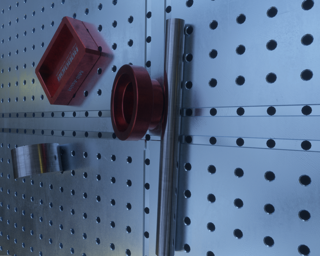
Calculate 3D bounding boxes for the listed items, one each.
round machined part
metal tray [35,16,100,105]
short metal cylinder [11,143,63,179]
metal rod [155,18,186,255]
[{"bbox_3d":[-0.029,-0.032,0.406,0.098,0.042,0.097,-5,84,63],"label":"round machined part"},{"bbox_3d":[-0.164,-0.113,0.537,0.129,0.030,0.090,-47,62,29],"label":"metal tray"},{"bbox_3d":[-0.218,0.059,0.550,0.080,0.081,0.050,-17,79,38],"label":"short metal cylinder"},{"bbox_3d":[0.013,0.014,0.396,0.025,0.025,0.298,4,93,39],"label":"metal rod"}]
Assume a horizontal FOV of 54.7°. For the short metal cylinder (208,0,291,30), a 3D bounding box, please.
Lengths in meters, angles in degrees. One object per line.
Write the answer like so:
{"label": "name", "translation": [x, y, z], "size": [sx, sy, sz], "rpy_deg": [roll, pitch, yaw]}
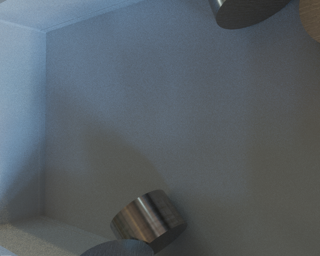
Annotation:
{"label": "short metal cylinder", "translation": [0.085, -0.141, 0.300], "size": [0.080, 0.081, 0.050], "rpy_deg": [-27, 73, 36]}

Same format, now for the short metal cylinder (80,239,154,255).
{"label": "short metal cylinder", "translation": [-0.043, 0.153, 0.304], "size": [0.080, 0.081, 0.050], "rpy_deg": [1, 102, 39]}

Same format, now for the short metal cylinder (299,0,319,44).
{"label": "short metal cylinder", "translation": [0.164, -0.101, 0.255], "size": [0.080, 0.050, 0.079], "rpy_deg": [0, 90, 39]}

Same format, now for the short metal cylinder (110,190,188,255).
{"label": "short metal cylinder", "translation": [-0.014, 0.121, 0.380], "size": [0.050, 0.081, 0.080], "rpy_deg": [52, 120, 27]}
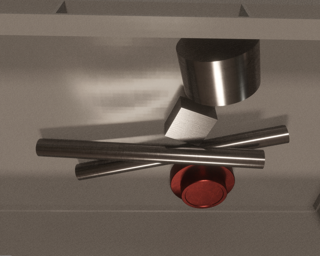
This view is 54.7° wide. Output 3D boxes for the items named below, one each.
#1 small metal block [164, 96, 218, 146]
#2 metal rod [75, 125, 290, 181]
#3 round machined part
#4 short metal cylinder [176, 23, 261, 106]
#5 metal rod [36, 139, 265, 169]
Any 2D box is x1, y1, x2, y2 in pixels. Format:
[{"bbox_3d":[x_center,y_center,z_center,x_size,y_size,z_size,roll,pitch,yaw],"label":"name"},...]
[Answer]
[{"bbox_3d":[0.039,-0.008,0.403,0.050,0.025,0.050,18,128,-15],"label":"small metal block"},{"bbox_3d":[0.025,0.037,0.441,0.301,0.025,0.025,-11,129,9],"label":"metal rod"},{"bbox_3d":[0.065,0.086,0.473,0.099,0.042,0.097,-1,130,0],"label":"round machined part"},{"bbox_3d":[0.061,-0.067,0.317,0.080,0.080,0.050,-10,130,8],"label":"short metal cylinder"},{"bbox_3d":[-0.016,0.034,0.417,0.302,0.025,0.025,3,130,5],"label":"metal rod"}]
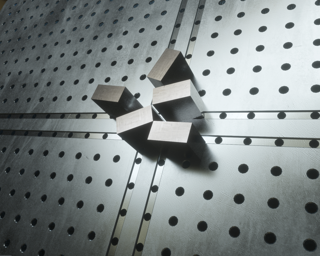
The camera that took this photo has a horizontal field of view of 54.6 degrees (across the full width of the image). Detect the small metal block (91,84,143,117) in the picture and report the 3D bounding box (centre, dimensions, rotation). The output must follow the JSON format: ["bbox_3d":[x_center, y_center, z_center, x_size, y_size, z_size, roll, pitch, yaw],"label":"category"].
[{"bbox_3d":[-0.062,-0.037,0.449,0.050,0.050,0.025,9,67,32],"label":"small metal block"}]

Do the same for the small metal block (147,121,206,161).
[{"bbox_3d":[0.021,0.015,0.372,0.050,0.050,0.025,3,64,30],"label":"small metal block"}]

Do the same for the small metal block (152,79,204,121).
[{"bbox_3d":[0.024,-0.033,0.400,0.050,0.050,0.025,-11,57,22],"label":"small metal block"}]

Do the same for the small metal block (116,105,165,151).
[{"bbox_3d":[-0.022,0.001,0.404,0.050,0.050,0.025,-19,54,17],"label":"small metal block"}]

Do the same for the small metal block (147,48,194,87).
[{"bbox_3d":[0.015,-0.073,0.430,0.025,0.050,0.050,23,74,36],"label":"small metal block"}]
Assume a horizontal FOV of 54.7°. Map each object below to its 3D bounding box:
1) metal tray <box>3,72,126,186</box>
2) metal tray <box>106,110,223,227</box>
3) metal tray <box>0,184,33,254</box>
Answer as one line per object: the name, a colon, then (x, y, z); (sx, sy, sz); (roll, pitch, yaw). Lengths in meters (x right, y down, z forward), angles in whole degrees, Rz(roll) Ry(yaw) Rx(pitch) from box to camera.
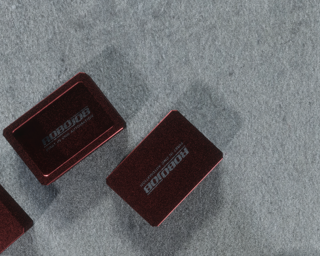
metal tray: (-0.122, 0.001, 0.405); (0.130, 0.030, 0.090); (-37, 90, -1)
metal tray: (0.006, 0.051, 0.408); (0.090, 0.030, 0.130); (44, 90, -1)
metal tray: (-0.247, 0.138, 0.404); (0.130, 0.030, 0.090); (-41, 91, -1)
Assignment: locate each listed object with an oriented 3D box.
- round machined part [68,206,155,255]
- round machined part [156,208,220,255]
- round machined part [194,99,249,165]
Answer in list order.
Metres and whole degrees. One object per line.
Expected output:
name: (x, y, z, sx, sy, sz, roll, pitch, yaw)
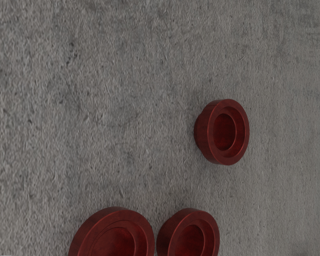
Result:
round machined part: (-0.057, 0.137, 0.346, 0.099, 0.042, 0.097, 0, 90, -40)
round machined part: (0.034, 0.158, 0.422, 0.099, 0.042, 0.097, 0, 90, -40)
round machined part: (0.089, 0.006, 0.468, 0.099, 0.042, 0.097, 0, 90, -40)
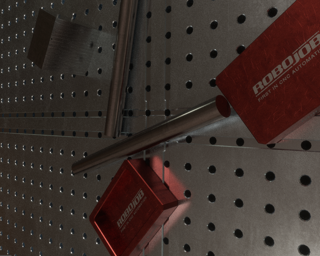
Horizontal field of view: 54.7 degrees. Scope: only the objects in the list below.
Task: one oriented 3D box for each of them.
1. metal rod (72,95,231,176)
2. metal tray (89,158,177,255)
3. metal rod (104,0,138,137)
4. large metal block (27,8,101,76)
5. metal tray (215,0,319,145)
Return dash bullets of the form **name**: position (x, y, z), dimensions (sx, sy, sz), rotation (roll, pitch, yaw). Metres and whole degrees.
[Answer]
- **metal rod**: position (-0.036, 0.023, 0.418), dimensions (0.299, 0.025, 0.025), rotation (-24, 75, 42)
- **metal tray**: position (-0.043, 0.118, 0.439), dimensions (0.090, 0.030, 0.129), rotation (47, 118, 29)
- **metal rod**: position (-0.050, -0.135, 0.448), dimensions (0.025, 0.025, 0.298), rotation (14, 99, 39)
- **large metal block**: position (-0.154, -0.135, 0.498), dimensions (0.050, 0.081, 0.079), rotation (36, 112, 34)
- **metal tray**: position (0.128, -0.055, 0.300), dimensions (0.129, 0.030, 0.090), rotation (-44, 64, 30)
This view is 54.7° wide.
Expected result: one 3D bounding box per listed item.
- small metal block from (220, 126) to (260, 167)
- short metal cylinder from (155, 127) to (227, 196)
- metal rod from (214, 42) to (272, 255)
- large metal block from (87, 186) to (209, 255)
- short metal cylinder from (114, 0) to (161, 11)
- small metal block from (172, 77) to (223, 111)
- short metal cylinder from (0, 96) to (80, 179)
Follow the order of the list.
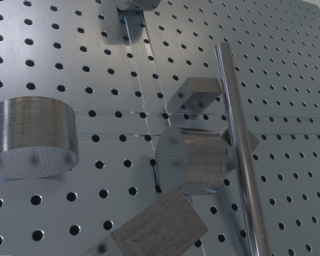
[{"bbox_3d":[0.111,0.022,0.455,0.050,0.025,0.050,45,51,3],"label":"small metal block"},{"bbox_3d":[0.034,0.040,0.367,0.050,0.080,0.080,4,60,-26],"label":"short metal cylinder"},{"bbox_3d":[0.109,0.018,0.421,0.025,0.025,0.299,4,69,-26],"label":"metal rod"},{"bbox_3d":[-0.014,0.109,0.299,0.081,0.080,0.050,-28,77,-37],"label":"large metal block"},{"bbox_3d":[-0.037,-0.229,0.492,0.050,0.080,0.080,-12,68,-33],"label":"short metal cylinder"},{"bbox_3d":[0.054,-0.049,0.450,0.050,0.050,0.025,-3,64,-30],"label":"small metal block"},{"bbox_3d":[-0.122,0.012,0.300,0.081,0.080,0.050,1,61,-28],"label":"short metal cylinder"}]
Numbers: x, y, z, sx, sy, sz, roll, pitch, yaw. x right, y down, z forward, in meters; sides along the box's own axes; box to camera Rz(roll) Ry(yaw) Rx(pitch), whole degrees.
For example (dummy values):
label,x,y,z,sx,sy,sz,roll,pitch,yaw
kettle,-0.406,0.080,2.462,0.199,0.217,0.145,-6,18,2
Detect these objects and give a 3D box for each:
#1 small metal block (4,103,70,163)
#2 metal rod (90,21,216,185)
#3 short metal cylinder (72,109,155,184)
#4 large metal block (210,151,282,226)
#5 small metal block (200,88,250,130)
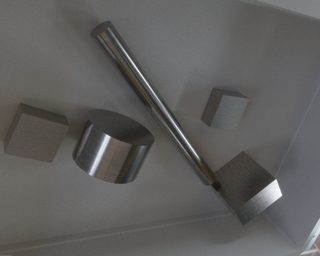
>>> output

________________________

• **Exercise prompt**: From the first line of the records down through the line containing "short metal cylinder [11,143,63,179]", transcribe exactly those lines and no others, both ends kept, pictures dropped.

• **Task output**:
Calculate 3D bounding boxes for the listed items, one each.
round machined part
metal tray [35,16,100,105]
short metal cylinder [11,143,63,179]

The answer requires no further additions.